The Embedded Muse 285

Go here to sign up for The Embedded Muse.

The Embedded Muse
Issue Number 285, June 1, 2015
Copyright 2015 The Ganssle Group

Editor: Jack Ganssle, jack@ganssle.com

Jack Ganssle, Editor of The Embedded Muse

You may redistribute this newsletter for noncommercial purposes. For commercial use contact jack@ganssle.com.

Contents

Editor's Notes
Embedded Video
Quotes and Thoughts
Tools and Tips
Giveaway Winner, and Logic Pro Giveaway
Multicore in Embedded
On Stacks
Jobs!
Joke for the Week
Advertise with us
About The Embedded Muse

Editor's Notes

The benefits of software reuse

Many of us think there's some sort of more or less inverse linear relationship between the amount of software reused and the cost to create firmware. Turns out, that isn't true. NASA has shown that once you start fiddling with about a quarter or less of the code reuse's benefits start to melt away.That's not to knock reuse; I feel that it's probably our only hope of salvation as programs soar in size. But it does say a lot about how we need to go about reuse to get the benefits it promises.

This, and a whole lot more, is part of my Better Firmware Faster seminar. It gives your team the tools they need to operate at a measurably world-class level, producing code with far fewer bugs in less time. It's fast-paced, fun, and uniquely covers the issues faced by embedded developers. Learn how your team can benefit by having this seminar presented at your facility.

India update: I will be doing a three day version of this class, open to the public, in Bangalore, India July 15-17. Contact Santosh Iyer for more information.

Embedded Video

Saleae makes a number of USB-connected logic analyzers.
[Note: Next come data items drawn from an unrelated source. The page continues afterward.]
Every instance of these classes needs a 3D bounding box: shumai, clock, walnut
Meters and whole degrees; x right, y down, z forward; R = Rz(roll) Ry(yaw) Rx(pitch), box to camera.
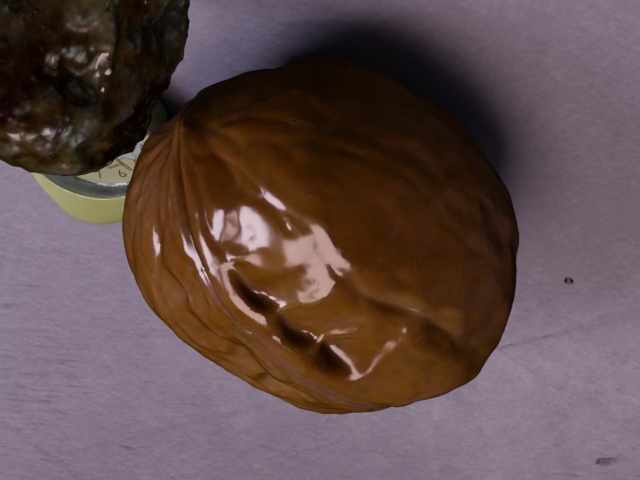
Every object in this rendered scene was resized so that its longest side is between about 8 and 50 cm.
[{"bbox_3d":[-0.205,-0.275,1.621,0.395,0.395,0.348,36,115,-27],"label":"shumai"},{"bbox_3d":[-0.236,-0.117,2.010,0.170,0.069,0.232,-12,134,28],"label":"clock"},{"bbox_3d":[0.000,0.000,1.894,0.398,0.308,0.354,35,129,-29],"label":"walnut"}]
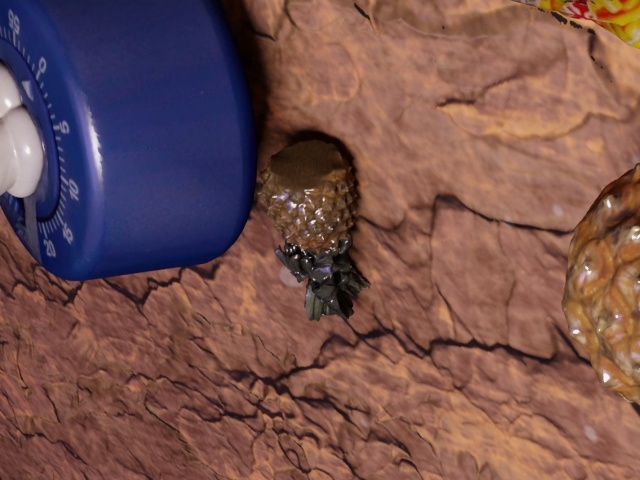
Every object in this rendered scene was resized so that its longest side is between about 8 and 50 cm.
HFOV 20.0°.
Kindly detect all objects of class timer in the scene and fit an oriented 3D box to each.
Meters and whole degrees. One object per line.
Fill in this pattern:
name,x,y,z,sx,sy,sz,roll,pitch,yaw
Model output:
timer,-0.267,-0.066,1.312,0.270,0.383,0.270,38,137,46

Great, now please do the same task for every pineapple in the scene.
pineapple,0.000,0.000,1.374,0.074,0.074,0.159,28,145,34
pineapple,0.280,0.024,0.985,0.279,0.158,0.158,-2,119,39

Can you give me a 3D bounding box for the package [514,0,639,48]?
package,0.103,-0.209,0.985,0.288,0.108,0.223,24,148,15

Their latest offering has a 500 MHz sample rate, and reads analog channels as well as digital. Here's my video review of it.

Quotes and Thoughts

"In science, there is only physics; all the rest is stamp collecting." - Physicist Ernest Rutherford, ca. 1900.

(Rutherford was awarded the Nobel Prize - in Chemistry!)

Tools and Tips

Please submit clever ideas or thoughts about tools, techniques and resources you love or hate. Here are the tool reviews submitted in the past.

Steve Karg had thoughts on hand tool suppliers:

Digikey, Mouser, Jameco, Amazon, Sparkfun, and Ebay are my favorite resources for hand tools, not in any particular order. However, I found that I really need to know the brand and part number of any tool that I prefer. For example, I wanted to purchase some diagonal cutters to put in a second tool kit, and ordered some Hakko cutters ($6.95 at Sparkfun). Although the cutters work, they are not as precise or functional for circuit rework as my Facom 417.PC diagonal cutters ($122 on Ebay) or the Xcelite MS545V ($18.40 via Amazon Prime). Some would say you get what you pay for, but you really need to know what brand and model of tool should be paid for.

Giveaway Winner, and Logic Pro Giveaway

We ran a contest last month for a giveaway of a GW Instek GDS-1052-U bench scope. Over 1900 distinct people entered. The lucky winner has been notified, but as of this writing hasn't responded. I hope to hear from him soon.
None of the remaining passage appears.